Veggie or Fruit Protein Bundt Cake

Veggie or Fruit Protein Bundt Cake
Veggie or Fruit Protein Bundt Cake
  1. 200 g finely grated zucchini
  2. 200 g applesauce
  3. 1 Tbs coconut oil
  4. 1 1/2 tsp white or apple cider vinegar
  5. 1 1/2 tsp vanilla extract
  6. 100 g amaranth flour or any other favorite flour
  7. 120 g egg white protein powder or a protein blend or any other animal or vegan protein powder you like
  8. A pinch of salt
  9. 1/2 tsp cinnamon
  10. Your favorite sweetener, to taste – omit if protein powder is sweetened
  11. 1/16 tsp uncut stevia (optional)
  12. 60 g no-sugar chocolate chips or raisins (optional)

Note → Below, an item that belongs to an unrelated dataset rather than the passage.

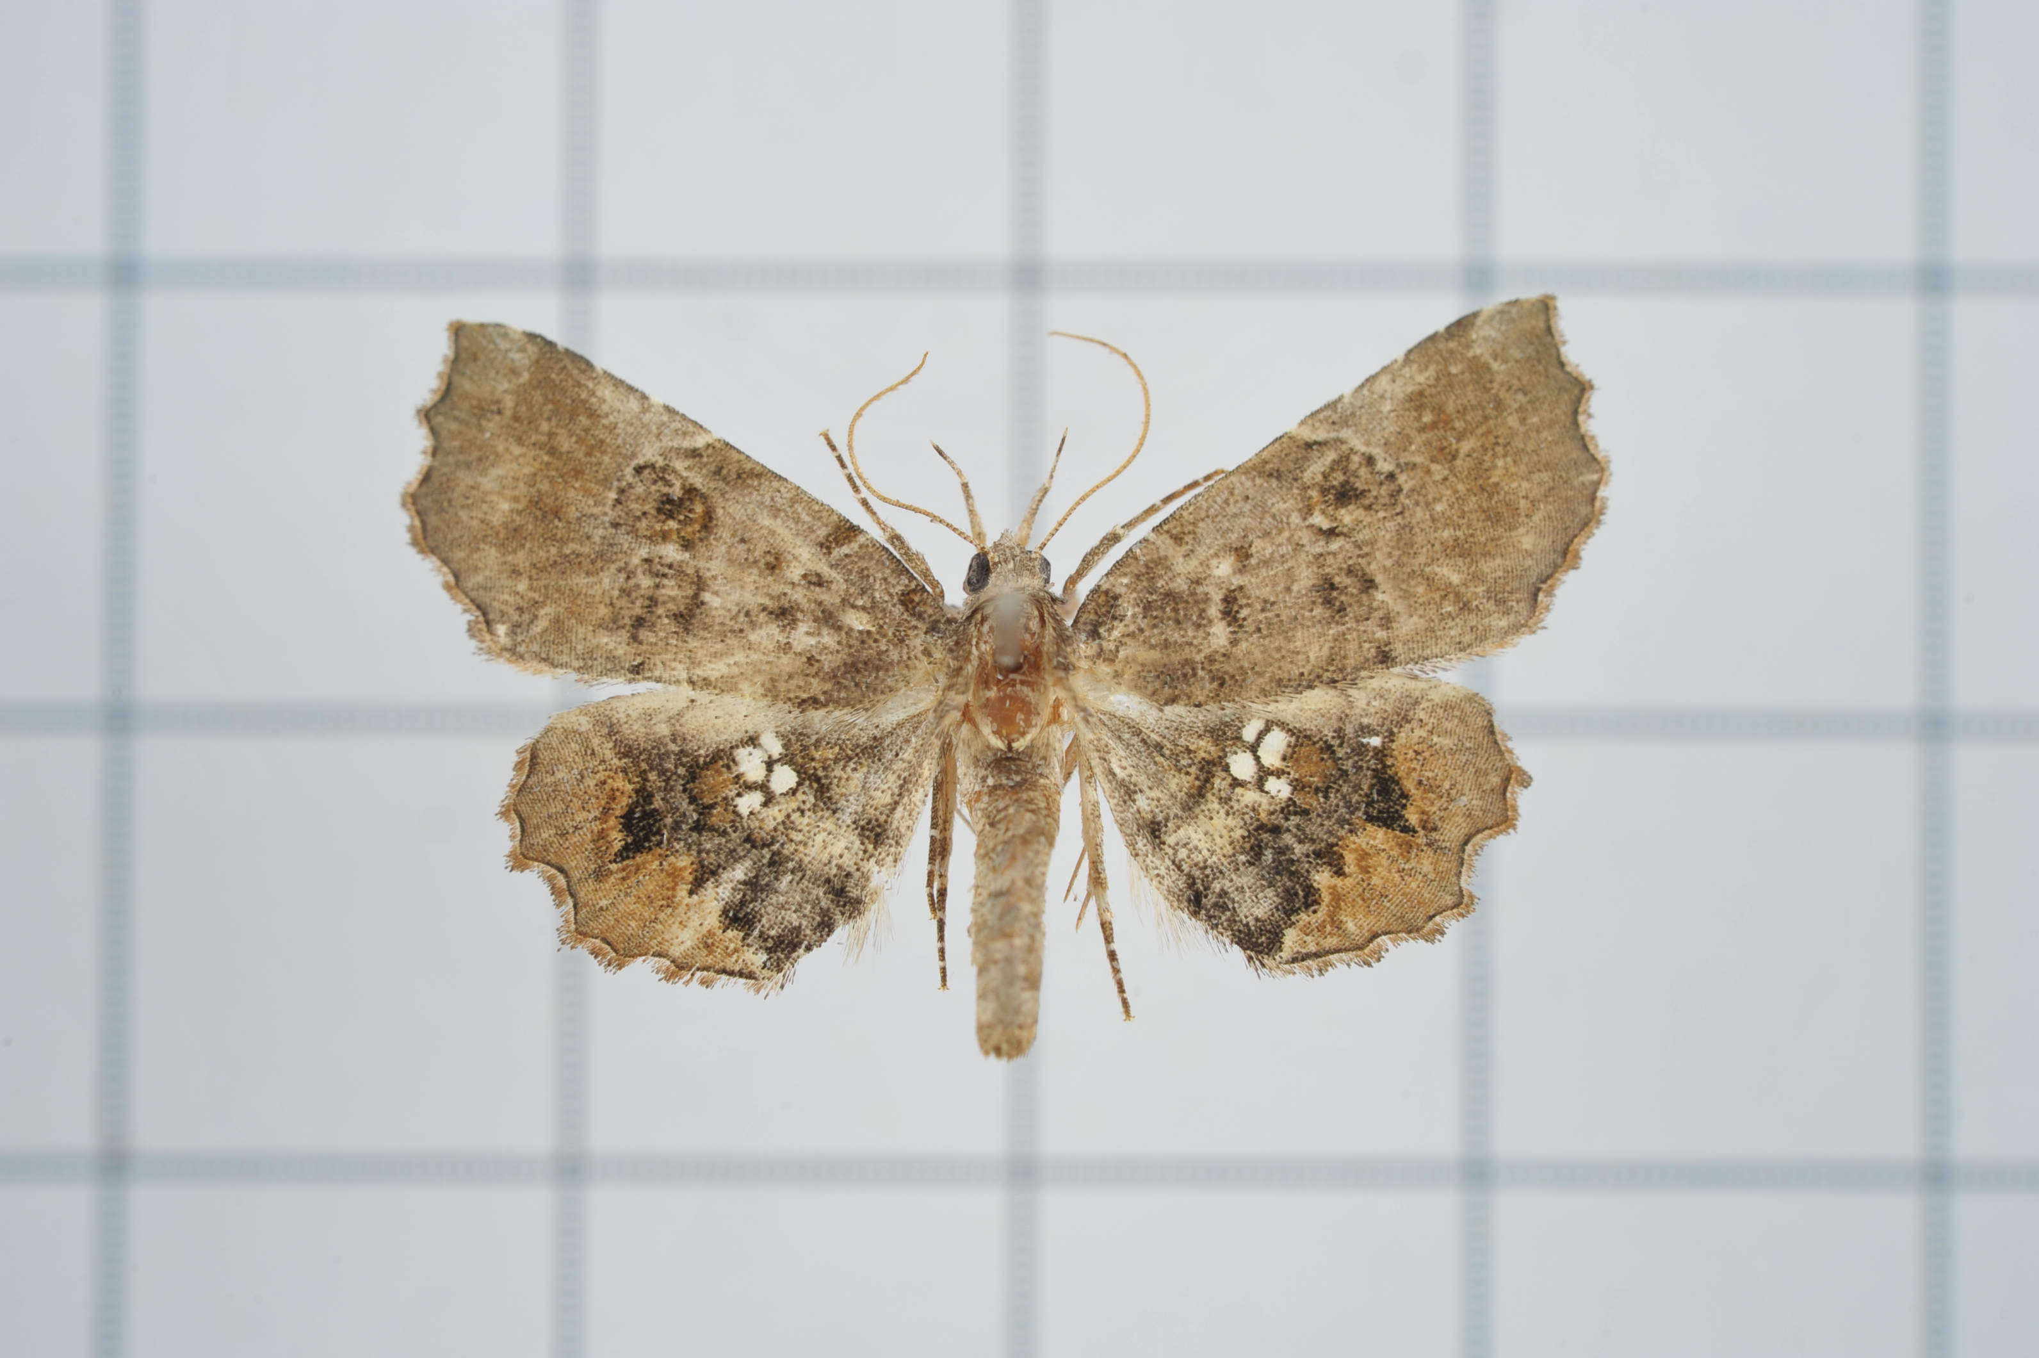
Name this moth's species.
Pangrapta vasava

  13. 25 g pine nuts (optional)
  14. 1 packet of baking powder
  15. 1/2 tsp baking soda
  16. 200 g water
  1. Preheat your oven to 350 F and line an 8-inch square pan with parchment paper.
  2. In a mixing bowl, stir together all the ingredients. If you chose whey protein powder, you may need to use less water. Batter must be not too liquid.
  3. Pour into a silicone mold.
  4. Bake about 15-20 minutes in a 350° F oven or until a toothpick inserted into the center of the cake comes out clean.
  1. You can also frost the cake.
  2. The cake tastes sweeter and has a better texture the day after.